Whether it is to score drugs, supply alcohol or even dabble in petty to serious criminal activity, these confused and scared children start to turn a deaf ear to morals, honesty and values and begin to get caught up in a fast moving current of destruction in order fit in, be accepted and supposedly be popular. If these characteristics start to sprout and consequently are not addressed, it is possible that the road to addiction could start here.

Answer? If you see or sense that your child or teenager has become lost or directionless, step in! If you are concerned about the company they are keeping just so they can be accepted or belong, step in!

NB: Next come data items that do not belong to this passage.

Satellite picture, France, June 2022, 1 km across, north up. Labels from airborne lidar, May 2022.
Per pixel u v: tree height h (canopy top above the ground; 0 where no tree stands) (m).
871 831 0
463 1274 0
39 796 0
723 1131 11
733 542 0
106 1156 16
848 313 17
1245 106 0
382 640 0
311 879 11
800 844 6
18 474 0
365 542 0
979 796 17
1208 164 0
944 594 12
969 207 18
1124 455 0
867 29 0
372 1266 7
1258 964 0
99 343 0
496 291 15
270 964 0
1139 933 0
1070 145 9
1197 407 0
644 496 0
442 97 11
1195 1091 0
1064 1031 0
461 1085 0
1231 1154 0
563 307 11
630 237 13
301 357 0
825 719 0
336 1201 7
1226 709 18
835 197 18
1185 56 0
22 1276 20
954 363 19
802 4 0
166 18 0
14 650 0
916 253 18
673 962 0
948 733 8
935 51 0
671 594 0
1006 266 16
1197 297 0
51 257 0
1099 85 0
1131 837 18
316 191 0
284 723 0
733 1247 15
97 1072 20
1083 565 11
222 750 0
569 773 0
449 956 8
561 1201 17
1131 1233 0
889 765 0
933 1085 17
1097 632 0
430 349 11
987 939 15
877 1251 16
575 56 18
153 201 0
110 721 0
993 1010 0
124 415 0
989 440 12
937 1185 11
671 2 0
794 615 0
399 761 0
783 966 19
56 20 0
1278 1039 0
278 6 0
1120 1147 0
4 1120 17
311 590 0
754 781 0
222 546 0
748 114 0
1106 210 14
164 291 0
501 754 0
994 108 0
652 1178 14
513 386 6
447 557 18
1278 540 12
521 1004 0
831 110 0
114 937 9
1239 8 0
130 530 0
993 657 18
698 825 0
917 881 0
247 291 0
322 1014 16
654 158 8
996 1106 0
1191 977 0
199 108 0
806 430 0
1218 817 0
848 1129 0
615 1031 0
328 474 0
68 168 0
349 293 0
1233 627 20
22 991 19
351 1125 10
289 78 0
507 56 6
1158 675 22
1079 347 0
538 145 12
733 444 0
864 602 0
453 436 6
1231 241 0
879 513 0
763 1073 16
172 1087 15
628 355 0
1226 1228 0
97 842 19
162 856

Today, there are a wide range of positive, creative options offered to help your child or teenager find their own niche of acceptance and belonging. Some children and teens may need to be coaxed out of the negative signals and their narrow focus on what they have perceived as failure and rejection. Help them see different options while empathizing with how they feel.

As a parent, family member or friend, you can help them explore what those different choices might be and tap into them in a positive and active way. Find a camp, after school activity, club, group, one-on-one tutor, etc., to help your child know and feel that they can be accepted and belong within their own interest. Work together to find what's comfortable for them (not you!).

This, of course, is all predicated upon an already established history of open, honest communication with your child; one where they are accepted and have a strong sense of belonging in the family unit. If this is not the case, it would be unwise to pop up at the 11th hour and try to redirect them. Your credibility may be questioned and these efforts could back-fire, sending your child in the opposite direction resulting in unhealthy, destructive behavior.

If eventually you believe that all honest and well meaning endeavors have failed, then your options may take on a different approach. Though always reminding your child that you are there to turn to or talk to, you just may have to trust and hope that the child will come to his or her senses and abandon their destructive path. You can seek professional guidance and entertain other options such as a strict boarding school, out patient program or even an intervention. Keep in mind that each situation and scenario is different, and it is the wise and thoughtful parent that weighs and considers every possibility very carefully for the health and welfare of their child.